Como conclusão, deve-se fazer referências a certas práticas que têm base na estética nativa, mas que decorrem da aversão perversiva ao corpo e suas funções naturais. Existem jejuns rituais para tornar magras as pessoas gordas, assim como banquetes cerimoniais para engordar pessoas magras. Outros ritos são usados para tornar maiores os seios das mulheres, ou então para reduzi-los de tamanho. A insatisfação geral com as proporções dos seios é simbolizada no fato de a forma adorada estar fisicamente além da escala de variação humana. Umas poucas mulheres, dotadas com um desenvolvimento hipermamário, são tão idolatradas que podem garantir seu futuro simplesmente indo de cidade a cidade para exibir seus seios em troca de uma taxa.
Já fizemos referências ao fato de que as funções excretoras são ritualizadas, rotineiras e secretas. As funções naturais de reprodução são, da mesma forma, distorcidas.

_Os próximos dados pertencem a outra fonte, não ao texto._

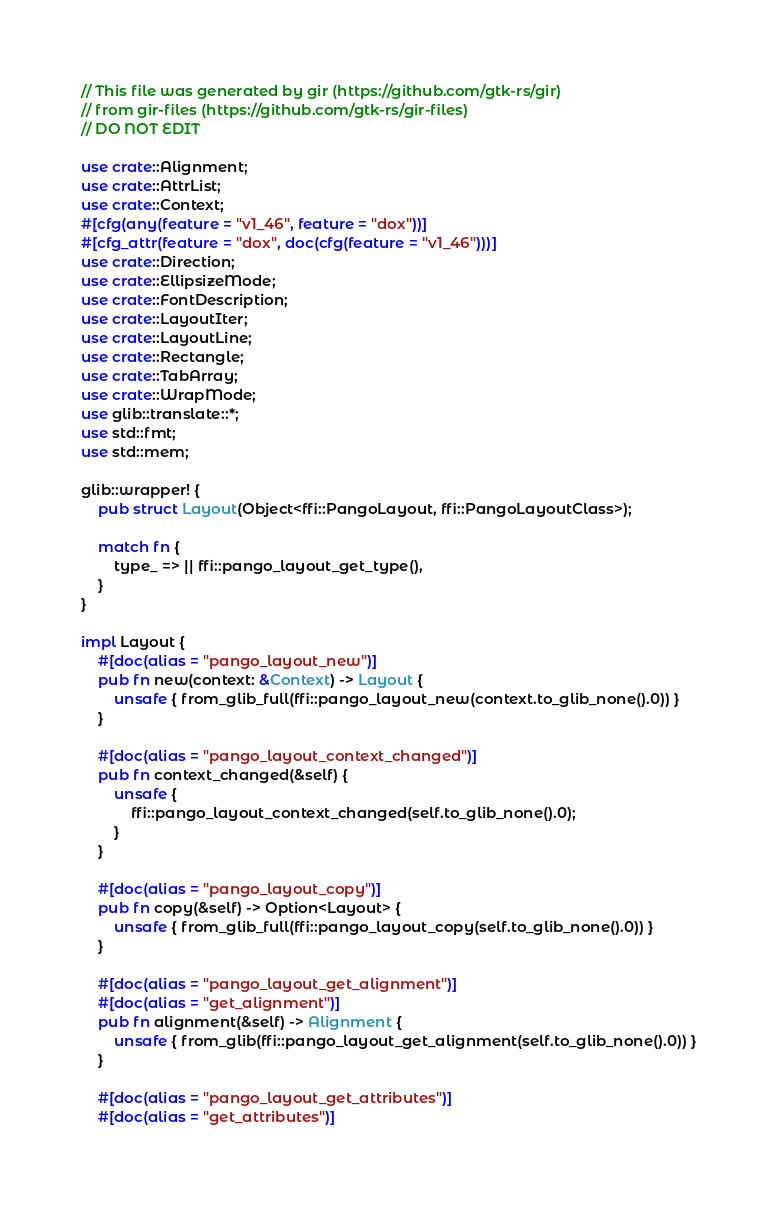Convert code to text. <code><loc_0><loc_0><loc_500><loc_500><_Rust_>// This file was generated by gir (https://github.com/gtk-rs/gir)
// from gir-files (https://github.com/gtk-rs/gir-files)
// DO NOT EDIT

use crate::Alignment;
use crate::AttrList;
use crate::Context;
#[cfg(any(feature = "v1_46", feature = "dox"))]
#[cfg_attr(feature = "dox", doc(cfg(feature = "v1_46")))]
use crate::Direction;
use crate::EllipsizeMode;
use crate::FontDescription;
use crate::LayoutIter;
use crate::LayoutLine;
use crate::Rectangle;
use crate::TabArray;
use crate::WrapMode;
use glib::translate::*;
use std::fmt;
use std::mem;

glib::wrapper! {
    pub struct Layout(Object<ffi::PangoLayout, ffi::PangoLayoutClass>);

    match fn {
        type_ => || ffi::pango_layout_get_type(),
    }
}

impl Layout {
    #[doc(alias = "pango_layout_new")]
    pub fn new(context: &Context) -> Layout {
        unsafe { from_glib_full(ffi::pango_layout_new(context.to_glib_none().0)) }
    }

    #[doc(alias = "pango_layout_context_changed")]
    pub fn context_changed(&self) {
        unsafe {
            ffi::pango_layout_context_changed(self.to_glib_none().0);
        }
    }

    #[doc(alias = "pango_layout_copy")]
    pub fn copy(&self) -> Option<Layout> {
        unsafe { from_glib_full(ffi::pango_layout_copy(self.to_glib_none().0)) }
    }

    #[doc(alias = "pango_layout_get_alignment")]
    #[doc(alias = "get_alignment")]
    pub fn alignment(&self) -> Alignment {
        unsafe { from_glib(ffi::pango_layout_get_alignment(self.to_glib_none().0)) }
    }

    #[doc(alias = "pango_layout_get_attributes")]
    #[doc(alias = "get_attributes")]</code> 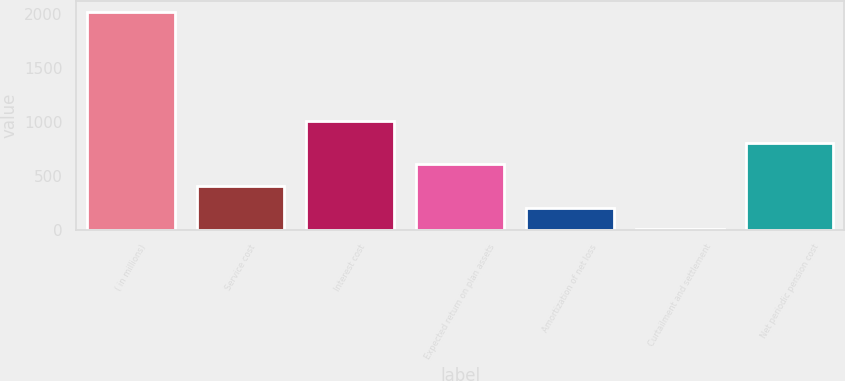Convert chart to OTSL. <chart><loc_0><loc_0><loc_500><loc_500><bar_chart><fcel>( in millions)<fcel>Service cost<fcel>Interest cost<fcel>Expected return on plan assets<fcel>Amortization of net loss<fcel>Curtailment and settlement<fcel>Net periodic pension cost<nl><fcel>2014<fcel>403.36<fcel>1007.35<fcel>604.69<fcel>202.03<fcel>0.7<fcel>806.02<nl></chart>

O intercurso sexual é tabu, enquanto assunto, e programável, enquanto atividade. Sao feitos tremendos esforços para evitar a gravidez, pelo uso de substâncias mágicas diversas ou pela limitação do intercurso sexual a certas fases da lua. A concepção é, na realidade, pouco freqüente. Quando grávidas, as mulheres se vestem de modo a esconder seu estado. O parto tem lugar em segredo, sem amigos ou parentes para ajudar, e a maioria das mulheres prefere não amamentar seus pequenos.
Nossa análise da vida ritual dos Nacirema certamente demonstrou ser esse povo dominado pela crença na magia. É difícil compreender como tal povo conseguiu sobreviver por tão longo tempo sob a carga que impôs a si mesmo. Mas até costumes tão exóticos quanto os aqui descritos ganham seu real significado quando são encarados sob o ângulo destacado por Malinowski:
"Olhando de longe, de nossos altos postos de segurança na civilização desenvolvida, é fácil perceber toda a crueza e irrelevância da magia. Mas sem seu poder e orientação, o homem primitivo não poderia ter dominado, como o fez, suas dificuldades práticas, nem poderia o homem ter avançado aos estágios mais altos da civilização".
AK Romney e PL De Vore. 1973. You and others: readings in introductory anthropology. Cambridge. p.72-76. Tradução para utilização na UFSC de Selma Erlich. Adaptação e correção ortográfica de Olegario da Costa.